Creamy pasta dish with butter and cheese

Fettuccine Alfredo (/it/) is a pasta dish consisting of fettuccine tossed with butter and Parmesan cheese which is melted and emulsified to form a rich cheese sauce coating the pasta. Originating in Rome in the early 20th century, the recipe is now known primarily in the United States and other countries.

The dish is named after Alfredo Di Lelio, a Roman restaurateur who created and popularized it. Di Lelio's tableside service was an integral part of the recipe's early success. Fettuccine Alfredo is a variant of standard Italian preparations fettuccine al burro, pasta burro e parmigiano, and pasta in bianco.

Outside of Italy, cream is sometimes used to thicken the sauce, and ingredients such as chicken, shrimp, or broccoli may be added when Fettuccine Alfredo is served as a main course. Neither cream nor other additional ingredients are used in Italy, where the dish is rarely called "Alfredo" outside of Rome.

== History ==
=== Italian origins ===
In Italy, the combination of pasta with butter and cheese dates to at least the 15th century, when it was mentioned by Martino da Como, a northern Italian cook active in Rome; this recipe for "Roman macaroni" (maccaroni romaneschi) calls for cooking pasta in broth or water and adding butter, "good cheese" (the variety is not specified) and "sweet spices".

=== Roman creation ===
Modern Fettuccine Alfredo was created by Alfredo Di Lelio in Rome in the early 20th century. According to family lore, in 1892 Alfredo began to work in a restaurant located in Piazza Rosa that was run by his mother, Angelina.

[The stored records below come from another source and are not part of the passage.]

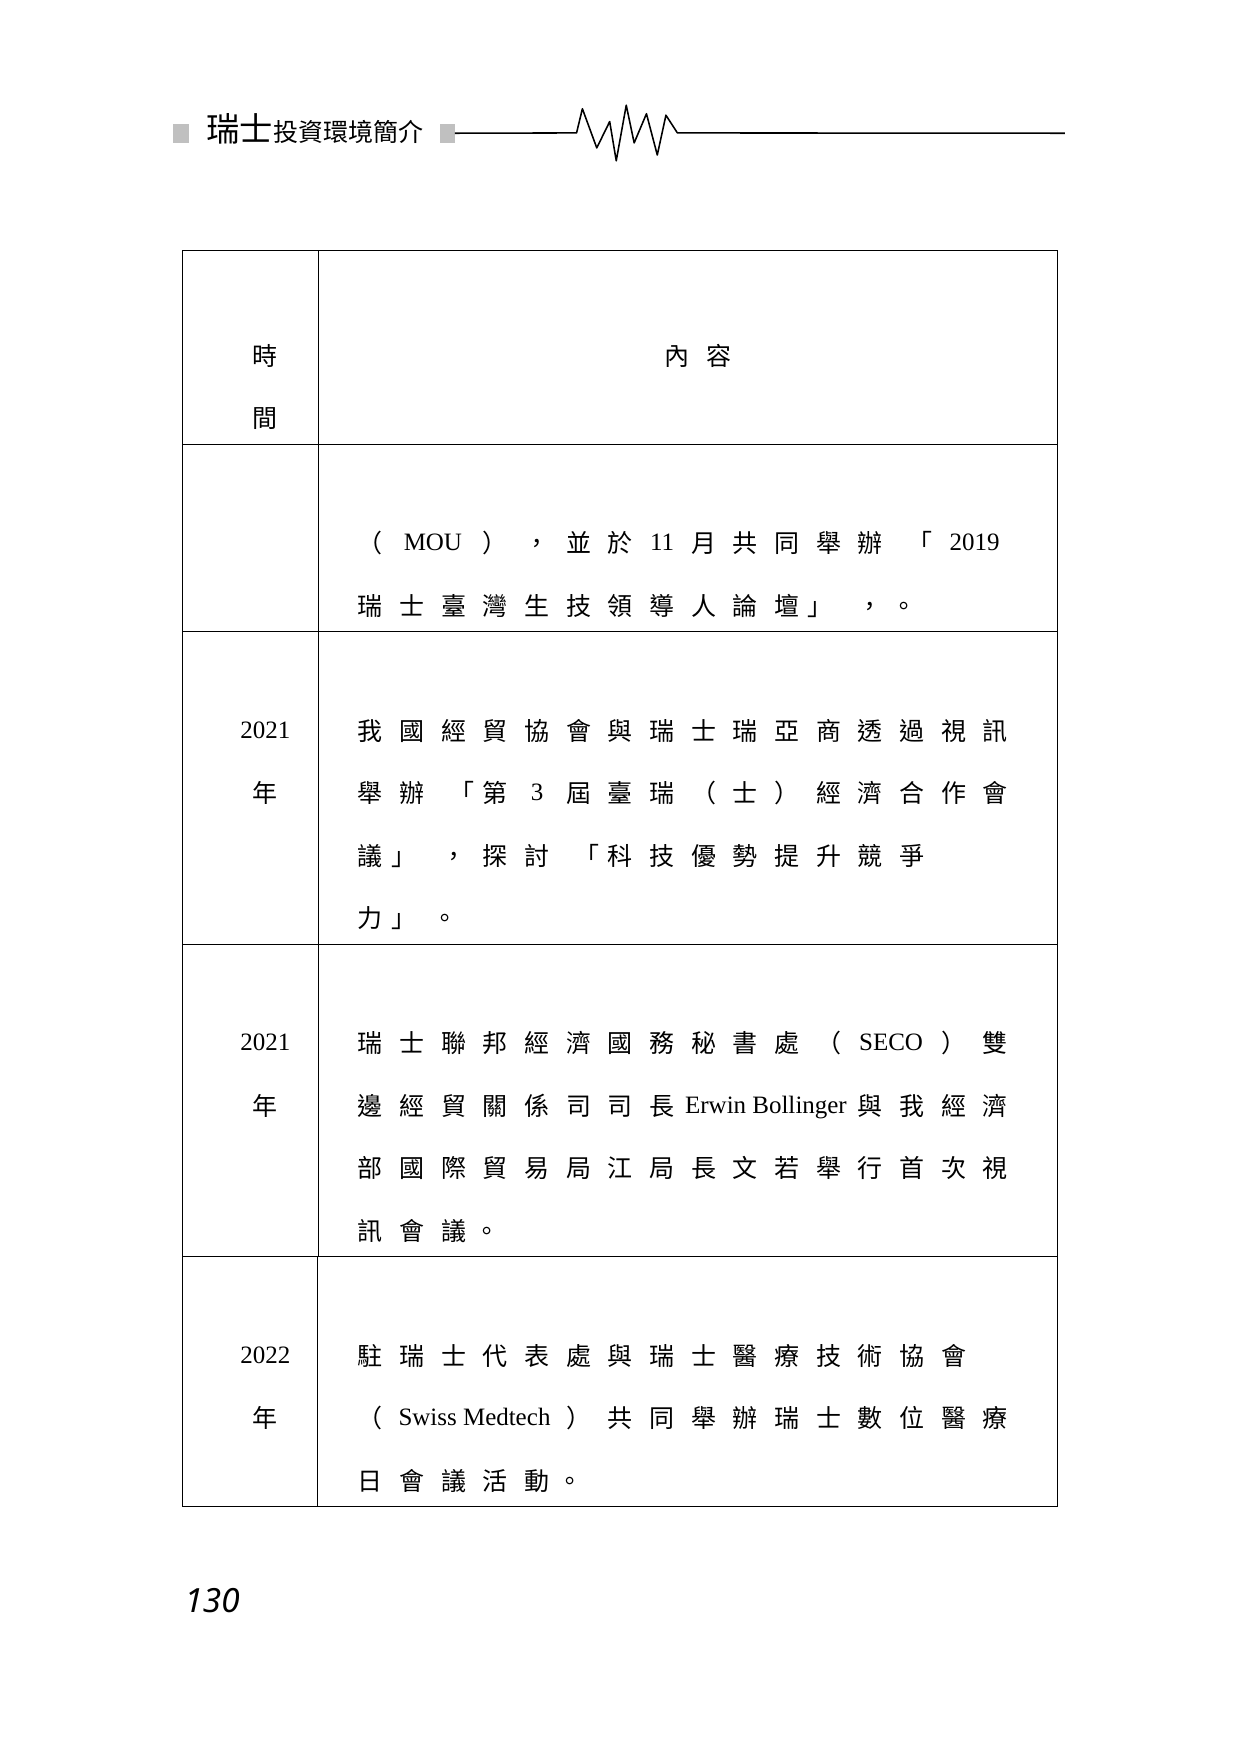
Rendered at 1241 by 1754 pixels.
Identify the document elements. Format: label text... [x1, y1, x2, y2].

table_header 內容 [319, 251, 1057, 444]
table_cell 2021年 [183, 945, 318, 1256]
table_cell 瑞士聯邦經濟國務秘書處（SECO）雙邊經貿關係司司長Erwin Bollinger與我經濟部國際貿易局江局長文若舉行首次視訊會議。 [319, 945, 1057, 1256]
table_cell 駐瑞士代表處與瑞士醫療技術協會（Swiss Medtech）共同舉辦瑞士數位醫療日會議活動。 [318, 1257, 1057, 1506]
table_cell （MOU），並於11月共同舉辦「2019瑞士臺灣生技領導人論壇」，。 [319, 445, 1057, 631]
table_cell [183, 445, 318, 631]
table_cell 2021年 [183, 632, 318, 944]
table_cell 我國經貿協會與瑞士瑞亞商透過視訊舉辦「第3屆臺瑞（士）經濟合作會議」，探討「科技優勢提升競爭力」。 [319, 632, 1057, 944]
table_header 時間 [183, 251, 318, 444]
table_cell 2022年 [183, 1257, 317, 1506]

He cooked his first fettuccine al triplo burro ( – later called fettuccine all'Alfredo, and eventually "Fettuccine Alfredo") in 1907 or 1908, in what is said to have been an effort to entice his convalescent wife, Ines, to eat after giving birth to their first child, Armando. Recipes attributed to Di Lelio include only three ingredients: fettuccine, "young" Parmesan cheese and butter. Yet there are various legends about the "secret" of the original Alfredo recipe: some say oil is added to the pasta dough; others that the pasta is cooked in milk.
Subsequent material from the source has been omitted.